- Born: c. 1990 (age 35–36) Tanzania
- Education: Blue Chip Flying Academy (private pilot licence); Tanzania Civil Aviation Authority (commercial pilot licence);
- Occupation: Commercial pilot
- Years active: 2009–present
- Title: Captain of Boeing 767F Freighter
- Spouse: Khamis Ahmed

= Neema Swai =

Tanzanian commercial airline pilot

Neema Swai (born c. 1990) is a Tanzanian commercial pilot. She was the first woman in Tanzania to become certified as a captain of the Boeing 767-300F "freighter" aircraft. She flies for Air Tanzania, the national airline of Tanzania. She is the first woman to make flight captain at that airline.

==Early life and education==
Neema Swai was born circa 1990 to Tanzanian parents. She is the last-born in a family of three siblings. Her mother operated a pharmacy at Kilimanjaro International Airport and Swai helped at the pharmacy when she was young. There, she observed many female pilots, which piqued her interest.

After primary school in Tanzania, she completed high school in neighbouring Uganda, taking physics, economics, geography and mathematics.

With support from her parents, she enrolled in the Blue Chip Flying Academy in Pretoria, South Africa, and obtained her private pilot licence in three months at age 19. She obtained the commercial pilot licence after another six months. In 2009, her training class had only two black students, and she was the only female student. On returning to Tanzania, she underwent further examination so the Tanzania Civil Aviation Authority would certify her credentials.

==Career==
Starting in 2000, Swai was employed by a Tanzanian airline, flying the ATR72-500. During the next 14 years she clocked over 8,700 flight hours.

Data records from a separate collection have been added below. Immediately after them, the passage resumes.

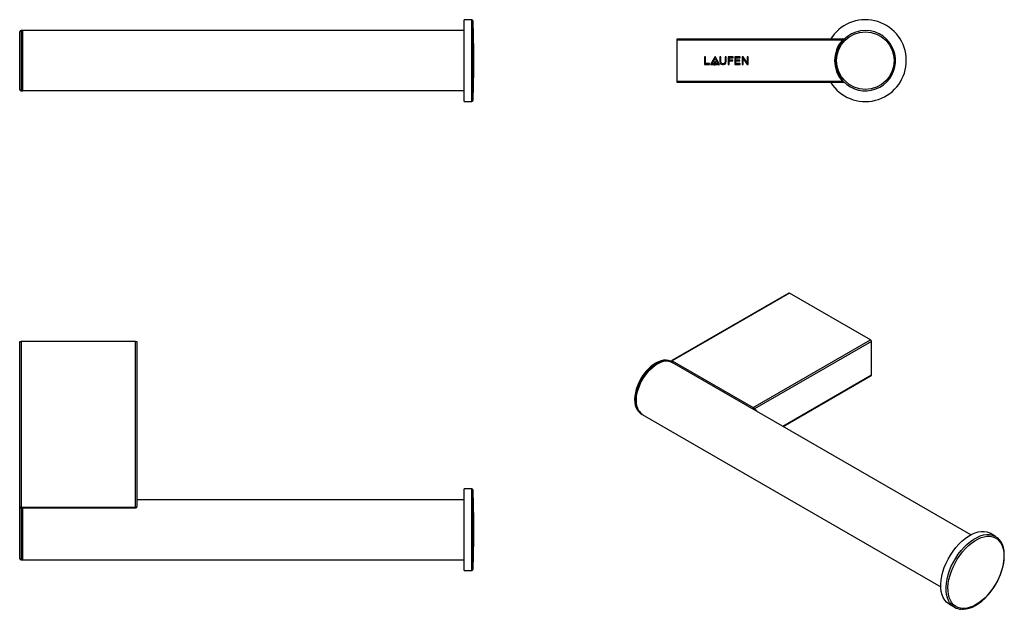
# Model space of a CAD drawing. Header units: millimetres. Extents: x 29 to 390, y 50 to 266.
import ezdxf

# ---------------------------------------------------------------- set-up
doc = ezdxf.new("R2010")
doc.units = ezdxf.units.MM

msp = doc.modelspace()

# ---------------------------------------------------------------- linework, layer by layer
at = {"color": 7, "linetype": 'Continuous', "lineweight": 25}
for p, q in [((194.28, 265.69), (191.55, 265.69)), ((191.55, 235.69), (191.55, 265.69)), ((28.55, 260.06), (28.55, 261.24)), ((28.55, 240.14), (28.55, 260.06)), ((29.55, 261.74), (29.05, 261.74)), ((29.55, 261.74), (29.55, 239.64)), ((191.55, 261.69), (29.55, 261.69)), ((269.63, 258.69), (330.36, 258.69)), ((269.63, 258.19), (269.63, 258.69)), ((330.18, 258.19), (269.63, 258.19)), ((269.63, 243.19), (269.63, 258.19)), ((280, 252.08), (279.63, 252.08)), ((279.63, 252.08), (279.63, 249.31)), ((279.63, 249.31), (281.48, 249.31)), ((280, 249.62), (280, 252.08)), ((281.48, 249.62), (280, 249.62)), ((281.48, 249.31), (281.48, 249.62)), ((283.49, 252.15), (281.84, 249.31)), ((281.84, 249.31), (283.04, 249.31)), ((282.4, 249.62), (283.49, 251.52)), ((283.04, 249.62), (282.4, 249.62)), ((283.04, 249.31), (283.04, 249.62)), ((283.31, 250.08), (283.3, 248.95)), ((283.3, 248.95), (283.65, 249.3)), ((283.66, 250.43), (283.31, 250.08)), ((285.13, 249.31), (283.49, 252.15)), ((283.49, 251.52), (284.58, 249.62)), ((283.65, 249.3), (283.66, 250.43)), ((284.58, 249.62), (283.94, 249.62)), ((283.94, 249.62), (283.94, 249.31)), ((283.94, 249.31), (285.13, 249.31)), ((285.66, 252.08), (285.29, 252.08)), ((285.29, 252.08), (285.29, 250.2)), ((285.66, 250.23), (285.66, 252.08)), ((286.5, 249.56), (286.33, 249.56)), ((287.54, 252.08), (287.17, 252.08)), ((287.17, 252.08), (287.17, 250.23)), ((287.54, 250.2), (287.54, 252.08)), ((290.17, 252.08), (288.35, 252.08)), ((288.35, 252.08), (288.35, 249.31)), ((288.35, 249.31), (288.72, 249.31)), ((288.72, 250.88), (288.72, 251.77)), ((288.72, 251.77), (290.17, 251.77)), ((290, 250.88), (288.72, 250.88)), ((288.72, 250.57), (290, 250.57)), ((288.72, 249.31), (288.72, 250.57)), ((290, 250.57), (290, 250.88)), ((290.17, 251.77), (290.17, 252.08)), ((292.74, 252.08), (290.81, 252.08)), ((290.81, 252.08), (290.81, 249.31)), ((290.81, 249.31), (292.74, 249.31)), ((291.18, 250.88), (291.18, 251.77)), ((291.18, 251.77), (292.74, 251.77)), ((292.63, 250.88), (291.18, 250.88)), ((291.18, 250.57), (292.63, 250.57)), ((291.18, 249.62), (291.18, 250.57)), ((292.74, 249.62), (291.18, 249.62)), ((292.63, 250.57), (292.63, 250.88)), ((292.74, 251.77), (292.74, 252.08)), ((292.74, 249.31), (292.74, 249.62)), ((293.8, 252.08), (293.41, 252.08)), ((293.41, 252.08), (293.41, 249.31)), ((293.41, 249.31), (293.77, 249.31)), ((293.77, 249.31), (293.77, 251.51)), ((293.77, 251.51), (293.79, 251.51)), ((293.79, 251.51), (295.23, 249.31)), ((295.26, 249.85), (293.8, 252.08)), ((295.23, 249.31), (295.63, 249.31)), ((295.27, 249.85), (295.26, 249.85)), ((295.27, 252.08), (295.27, 249.85)), ((295.63, 252.08), (295.27, 252.08)), ((295.63, 249.31), (295.63, 252.08)), ((269.63, 243.19), (330.18, 243.19)), ((269.63, 242.69), (269.63, 243.19)), ((330.36, 242.69), (269.63, 242.69)), ((29.05, 239.64), (29.55, 239.64)), ((29.55, 239.69), (191.55, 239.69)), ((191.55, 235.69), (194.28, 235.69)), ((310.52, 165.51), (267.62, 140.75)), ((310.77, 165.49), (267.83, 140.7)), ((340.47, 148.34), (310.77, 165.49)), ((297.53, 123.55), (340.47, 148.34)), ((28.55, 147.78), (29.05, 147.78)), ((28.55, 87.23), (28.55, 147.78)), ((29.05, 147.78), (29.05, 87.05)), ((71.05, 147.78), (29.05, 147.78)), ((71.05, 147.78), (71.55, 147.78)), ((71.05, 87.05), (71.05, 147.78)), ((71.55, 147.78), (71.55, 87.23)), ((340.82, 147.73), (298.01, 123.02)), ((340.82, 135.48), (340.82, 147.73)), ((267.86, 140.16), (267.5, 140.36)), ((267.56, 140.32), (267.5, 140.36)), ((267.83, 140.7), (297.53, 123.55)), ((377.28, 76.93), (267.83, 140.11)), ((308.48, 116.65), (340.72, 135.25)), ((256.32, 121.3), (256.45, 121.22)), ((256.45, 121.22), (256.81, 121.02)), ((256.83, 121.06), (366.28, 57.87)), ((194.28, 93.78), (191.55, 93.78)), ((191.55, 90.23), (191.55, 93.78)), ((28.55, 73.92), (28.55, 87.23)), ((29.05, 87.05), (71.05, 87.05)), ((29.05, 86.75), (71.05, 86.75)), ((29.55, 86.75), (29.55, 67.73)), ((191.55, 89.78), (71.55, 89.78)), ((191.55, 63.78), (191.55, 90.23)), ((386.32, 76.33), (384.38, 77.45)), ((28.55, 68.23), (28.55, 73.92)), ((29.05, 67.73), (29.55, 67.73)), ((29.55, 67.78), (191.55, 67.78)), ((191.55, 63.78), (194.28, 63.78)), ((369.38, 51.47), (371.32, 50.35))]:
    msp.add_line(p, q, dxfattribs=at)
at = {"color": 8, "linetype": 'Continuous', "lineweight": 25}
for p, q in [((194.28, 235.69), (194.28, 265.69)), ((194.78, 236.18), (194.78, 265.21)), ((29.05, 261.74), (29.05, 260.5)), ((29.05, 260.5), (29.05, 239.64)), ((308.34, 116.73), (340.82, 135.48)), ((194.28, 90.23), (194.28, 93.78)), ((194.78, 89.87), (194.78, 93.3)), ((29.05, 87.05), (29.05, 86.75)), ((29.05, 86.78), (29.05, 73.69)), ((71.05, 87.05), (71.05, 86.75)), ((194.28, 63.78), (194.28, 90.23)), ((194.78, 64.26), (194.78, 89.87)), ((29.05, 73.69), (29.05, 67.73))]:
    msp.add_line(p, q, dxfattribs=at)
at = {"color": 7, "linetype": 'Continuous', "lineweight": 25, "flags": 128}
for points in [[(327.18, 260.38), (326.15, 259.01), (325.94, 258.69)], [(330.18, 258.19), (330.22, 258.15), (330.26, 258.12), (330.3, 258.08), (330.34, 258.05), (330.36, 258.03), (330.38, 258.01), (330.4, 258), (330.4, 257.99)], [(285.86, 249.75), (285.7, 250), (285.66, 250.23)], [(286.33, 249.56), (286.05, 249.62), (285.86, 249.75)], [(286.18, 249.25), (286.44, 249.24), (286.65, 249.25)], [(286.97, 249.75), (286.72, 249.6), (286.5, 249.56)], [(287.17, 250.23), (287.1, 249.94), (286.97, 249.75)], [(330.18, 243.19), (330.22, 243.23), (330.26, 243.27), (330.3, 243.3), (330.34, 243.33), (330.36, 243.36), (330.38, 243.38), (330.4, 243.39), (330.4, 243.39)], [(267.56, 140.3), (267.19, 140.52), (266.4, 140.8), (265.56, 140.91), (264.65, 140.88), (263.71, 140.69), (262.73, 140.34), (261.74, 139.85), (260.76, 139.21), (259.8, 138.44), (258.87, 137.55), (258.16, 136.78)], [(267.97, 140.09), (267.36, 140.39), (266.54, 140.62), (265.64, 140.67), (264.69, 140.55), (263.7, 140.26), (262.68, 139.8), (261.66, 139.19), (260.65, 138.43), (259.67, 137.53), (258.73, 136.52), (257.86, 135.4), (257.06, 134.2), (256.35, 132.94), (255.75, 131.64), (255.26, 130.33), (254.88, 129.01), (254.64, 127.72), (254.53, 126.49), (254.55, 125.32), (254.7, 124.24), (254.99, 123.27), (255.4, 122.43), (255.93, 121.72), (256.56, 121.17), (257.3, 120.78), (257.36, 120.76)], [(254.55, 126.1), (254.62, 127.33), (254.83, 128.63), (255.17, 129.96), (255.64, 131.3), (256.23, 132.63), (256.92, 133.92), (257.72, 135.15), (258.59, 136.3), (259.54, 137.35), (260.53, 138.28), (261.55, 139.07), (262.59, 139.71), (263.63, 140.19), (264.64, 140.49), (265.61, 140.62), (266.52, 140.57), (267.35, 140.34), (267.83, 140.11)], [(258.16, 136.78), (257.72, 136.23), (256.92, 135.13), (256.2, 133.96), (255.57, 132.75), (255.04, 131.5), (254.61, 130.25), (254.29, 129), (254.09, 127.78), (254.02, 126.6), (254.07, 125.48), (254.25, 124.44), (254.55, 123.49), (254.98, 122.66), (255.52, 121.96), (256.16, 121.41), (256.32, 121.32)], [(28.55, 87.23), (28.58, 87.17), (28.69, 87.11), (28.81, 87.08), (28.93, 87.06), (29.05, 87.05)], [(71.05, 86.76), (71.08, 86.75), (71.25, 86.79), (71.39, 86.88), (71.49, 87.01), (71.55, 87.19), (71.54, 87.23)], [(71.05, 87.05), (71.18, 87.06), (71.3, 87.08), (71.42, 87.12), (71.52, 87.18), (71.55, 87.23)], [(369.38, 51.47), (369.19, 51.58), (368.41, 52.2), (367.74, 52.98), (367.18, 53.9), (366.76, 54.96), (366.46, 56.15), (366.31, 57.45), (366.29, 58.83), (366.4, 60.29), (366.66, 61.81), (367.05, 63.36), (367.56, 64.92), (368.2, 66.48), (368.95, 68.01), (369.8, 69.49), (370.75, 70.91), (371.78, 72.24), (372.87, 73.48), (374.02, 74.59), (375.2, 75.58), (376.4, 76.41), (377.61, 77.1), (378.82, 77.62), (379.99, 77.96), (381.13, 78.13), (382.21, 78.12), (383.22, 77.94), (384.15, 77.58), (384.38, 77.45)], [(387.01, 75.32), (387.71, 74.64), (388.31, 73.82), (388.78, 72.85), (389.13, 71.76), (389.35, 70.56), (389.44, 69.26), (389.39, 67.88), (389.21, 66.44), (388.9, 64.95), (388.46, 63.45), (387.9, 61.93), (387.23, 60.44), (386.45, 58.97), (385.58, 57.57), (384.62, 56.23), (383.59, 54.99), (382.51, 53.85), (381.38, 52.83), (380.22, 51.95), (379.05, 51.21), (377.88, 50.63), (376.73, 50.21), (375.61, 49.96), (374.53, 49.88), (373.52, 49.98), (372.58, 50.24), (371.73, 50.68), (370.97, 51.27), (370.32, 52.02), (369.78, 52.92), (369.37, 53.95), (369.09, 55.1), (368.93, 56.35), (368.91, 57.69), (369.03, 59.11), (369.28, 60.57), (369.65, 62.07), (370.15, 63.58), (370.77, 65.09), (371.49, 66.57), (372.32, 68.01), (373.24, 69.38), (374.23, 70.67), (375.29, 71.87), (376.4, 72.95), (377.54, 73.9), (378.71, 74.71), (379.88, 75.37), (381.04, 75.87), (382.18, 76.21), (383.28, 76.37), (384.33, 76.36), (385.3, 76.18), (386.2, 75.83), (387.01, 75.32)], [(385.52, 76.7), (386.08, 76.46), (386.92, 75.92)], [(373.95, 49.63), (374.53, 49.61), (375.6, 49.73), (376.71, 50.01), (377.85, 50.44), (379, 51.03), (380.14, 51.75), (381.27, 52.6), (382.37, 53.58), (383.42, 54.66), (384.43, 55.85), (385.37, 57.12), (386.24, 58.45), (387.02, 59.85), (387.71, 61.28), (388.3, 62.73), (388.79, 64.2), (389.16, 65.65), (389.42, 67.08), (389.55, 68.47), (389.56, 69.8), (389.45, 71.06), (389.21, 72.24), (388.85, 73.31), (388.37, 74.28), (387.79, 75.08)]]:
    msp.add_lwpolyline(points, dxfattribs=at)
at = {"color": 8, "linetype": 'Continuous', "lineweight": 25, "flags": 128}
for points in [[(267.5, 140.36), (267.01, 140.6), (266.19, 140.82), (265.29, 140.87), (264.34, 140.75), (263.35, 140.46), (262.33, 140.01), (261.31, 139.39), (260.3, 138.63), (259.32, 137.74), (258.38, 136.72)], [(258.38, 136.72), (257.51, 135.61), (256.71, 134.41), (256, 133.15), (255.4, 131.85), (254.9, 130.53), (254.53, 129.22), (254.29, 127.93), (254.17, 126.69), (254.19, 125.52), (254.35, 124.44), (254.63, 123.48), (255.04, 122.63), (255.57, 121.93), (256.21, 121.37), (256.32, 121.3)], [(298.01, 123.02), (298.65, 122.43), (298.82, 122.22)], [(369.48, 52.14), (369.12, 52.78), (368.69, 53.85), (368.4, 55.03), (368.24, 56.33), (368.22, 57.72), (368.34, 59.18), (368.59, 60.69), (368.98, 62.24), (369.5, 63.8), (370.13, 65.36), (370.89, 66.89), (371.74, 68.37), (372.69, 69.79), (373.71, 71.13), (374.81, 72.36), (375.95, 73.48), (377.13, 74.46), (378.34, 75.3), (379.55, 75.98), (380.75, 76.5), (381.93, 76.84), (383.06, 77.01), (384.14, 77.01), (385.15, 76.82), (385.52, 76.7)]]:
    msp.add_lwpolyline(points, dxfattribs=at)
at = {"color": 7, "linetype": 'Continuous', "lineweight": 25}
msp.add_circle((338.63, 250.69), 10.55, dxfattribs=at)
for centre, radius, start, end in [((194.28, 265.19), 0.5, 2.08, 90), ((-204.95, 250.69), 400, 0, 2.08), ((338.63, 250.69), 15, 212.231, 139.7674), ((29.05, 261.24), 0.5, 90, 180), ((338.63, 250.69), 11.05, 62.5852, 136.1953), ((338.63, 250.69), 11.05, 223.8047, 62.5852), ((338.63, 250.69), 11.3, 138.416, 221.584), ((338.63, 250.69), 11, 138.416, 221.584), ((362.61, 246.68), 34.42, 159.5769, 160.4625), ((330.36, 258.39), 0.3, 350.1801, 90), ((-204.95, 250.69), 400, 357.92, 0), ((286.24, 250.19), 0.945, 179.9727, 266.5184), ((286.59, 250.19), 0.945, 273.4814, 0.0276), ((362.63, 254.71), 34.44, 199.5377, 200.4228), ((330.36, 242.99), 0.3, 270, 9.8199), ((29.05, 240.14), 0.5, 180, 270), ((194.28, 236.19), 0.5, 270, 357.92), ((310.62, 165.28), 0.251, 54.3823, 114.3072), ((340.05, 147.7), 0.768, 2.6056, 57.3945), ((267.76, 140.48), 0.295, 118.8893, 205.6349), ((340.59, 135.45), 0.237, 303.6439, 7.6679), ((260.07, 125.56), 5.54, 174.4209, 234.267), ((296.91, 122.52), 1.2, 24.3384, 59.3708), ((194.28, 93.28), 0.5, 2.08, 90), ((-204.95, 78.78), 400, 357.92, 2.08), ((29.02, 87.22), 0.461, 177.9721, 273.8685), ((384.37, 72.42), 4.34, 37.9035, 53.3668), ((29.05, 68.23), 0.5, 180, 270), ((194.28, 64.28), 0.5, 270, 357.92), ((373.97, 54.94), 5.29, 211.9212, 268.1003)]:
    msp.add_arc(centre, radius, start, end, dxfattribs=at)
at = {"color": 8, "linetype": 'Continuous', "lineweight": 25}
for centre, radius, start, end in [((267.68, 140.51), 0.241, 51.2185, 104.2953), ((268.04, 140.33), 0.427, 120.3946, 185.2843), ((297.7, 123.22), 0.38, 117.2328, 201.8097), ((297.73, 123.17), 0.316, 268.0504, 330.1702)]:
    msp.add_arc(centre, radius, start, end, dxfattribs=at)

doc.saveas('drawing.dxf')

As of December 2024 she flies as captain on the B767-300F cargo equipment owned and operated by Air Tanzania Company Limited (ACTL). As of then, she was the only female captain on that equipment class and one of only ten female pilots at that airline.

She is well regarded in Tanzania and was listed by The Citizen as one of the country's most inspirational women in 2024.

==Personal==
She is married to Fight Captain Khamis Ahmed who also is employed by Air Tanzania. She is the mother to one child.